[Prompt]: Retype, exactly and only, each line from the one containing "Give 3D bounding" to the end of the records below.

[Records for this task]:
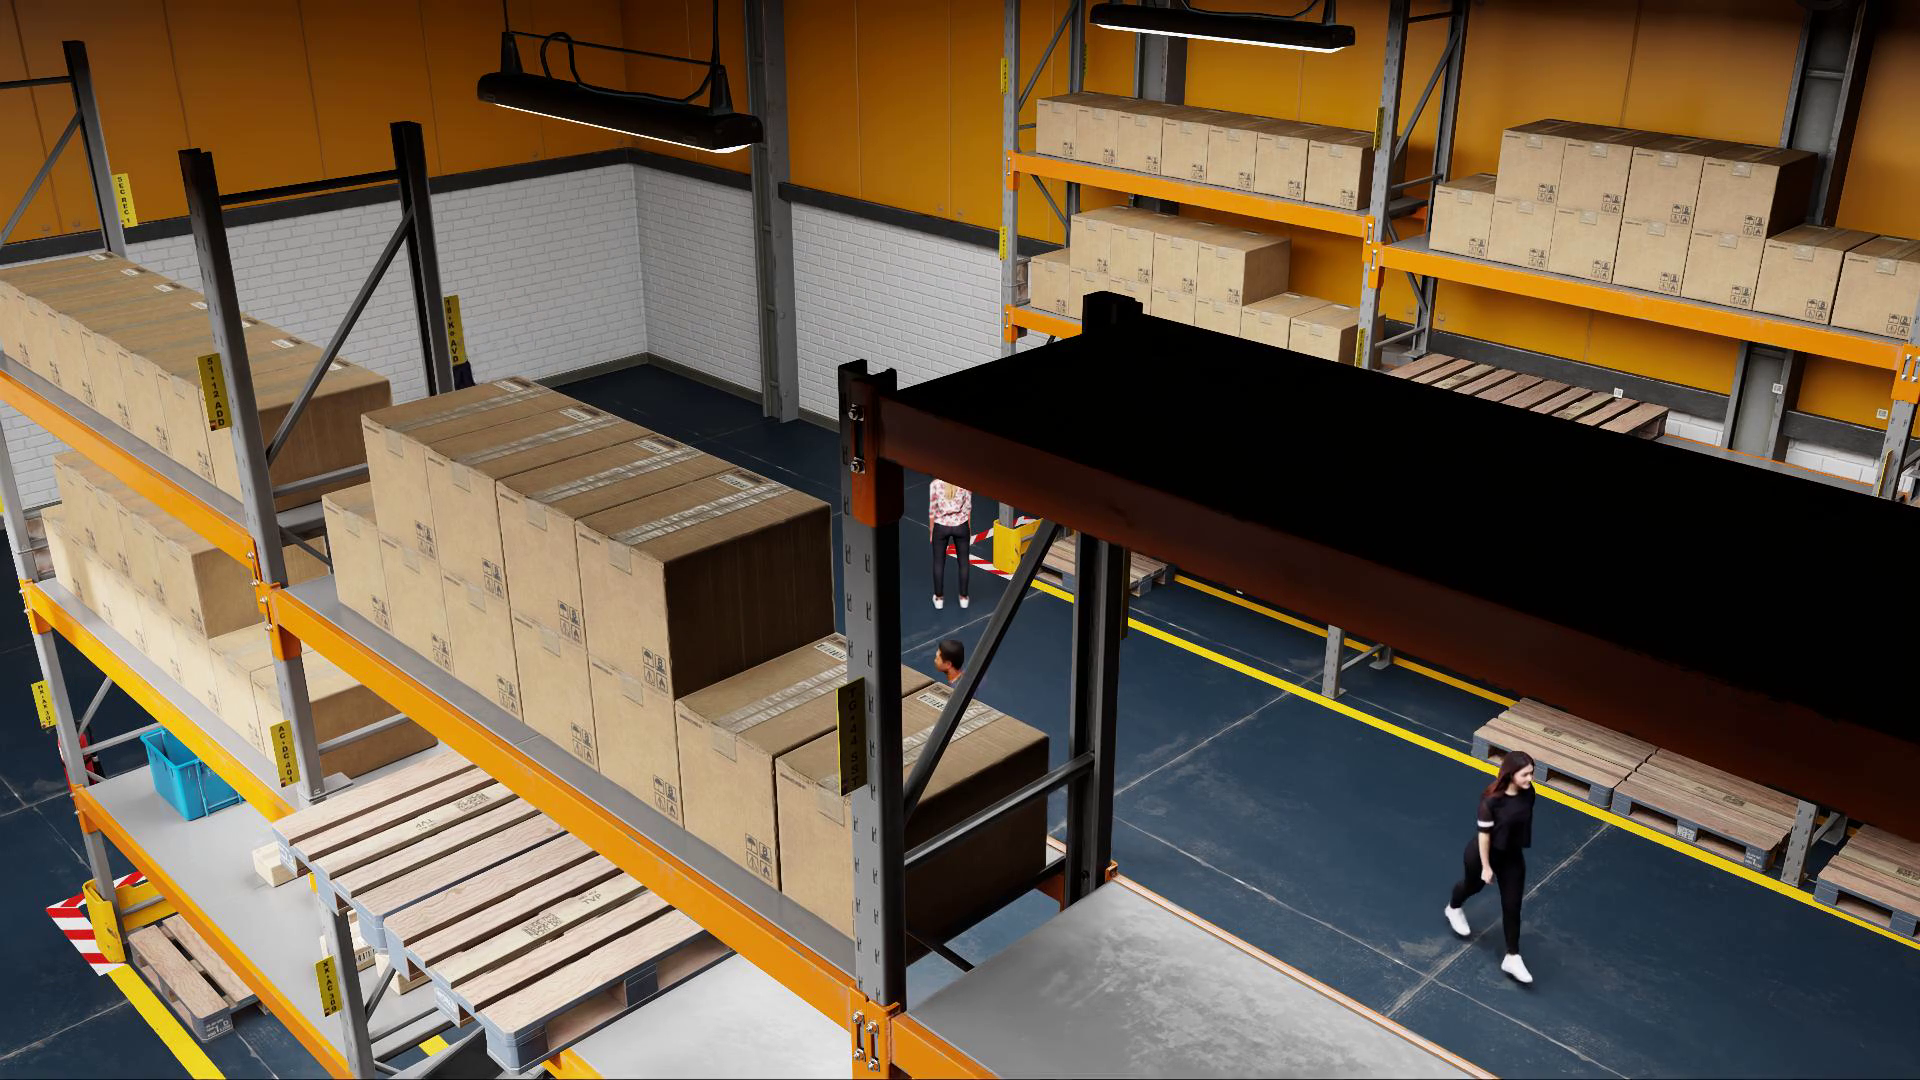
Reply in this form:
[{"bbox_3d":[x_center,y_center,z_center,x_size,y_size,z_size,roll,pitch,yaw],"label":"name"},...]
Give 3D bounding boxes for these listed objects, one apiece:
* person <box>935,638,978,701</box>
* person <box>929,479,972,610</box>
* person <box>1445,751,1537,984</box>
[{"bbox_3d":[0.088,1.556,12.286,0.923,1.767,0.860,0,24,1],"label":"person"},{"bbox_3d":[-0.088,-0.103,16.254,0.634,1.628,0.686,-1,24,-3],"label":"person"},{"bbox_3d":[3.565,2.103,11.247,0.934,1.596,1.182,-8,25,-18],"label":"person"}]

[Finished exercise]:
Give 3D bounding boxes for these listed objects, one apiece:
* person <box>935,638,978,701</box>
* person <box>929,479,972,610</box>
* person <box>1445,751,1537,984</box>
[{"bbox_3d":[0.088,1.556,12.286,0.923,1.767,0.860,0,24,1],"label":"person"},{"bbox_3d":[-0.088,-0.103,16.254,0.634,1.628,0.686,-1,24,-3],"label":"person"},{"bbox_3d":[3.565,2.103,11.247,0.934,1.596,1.182,-8,25,-18],"label":"person"}]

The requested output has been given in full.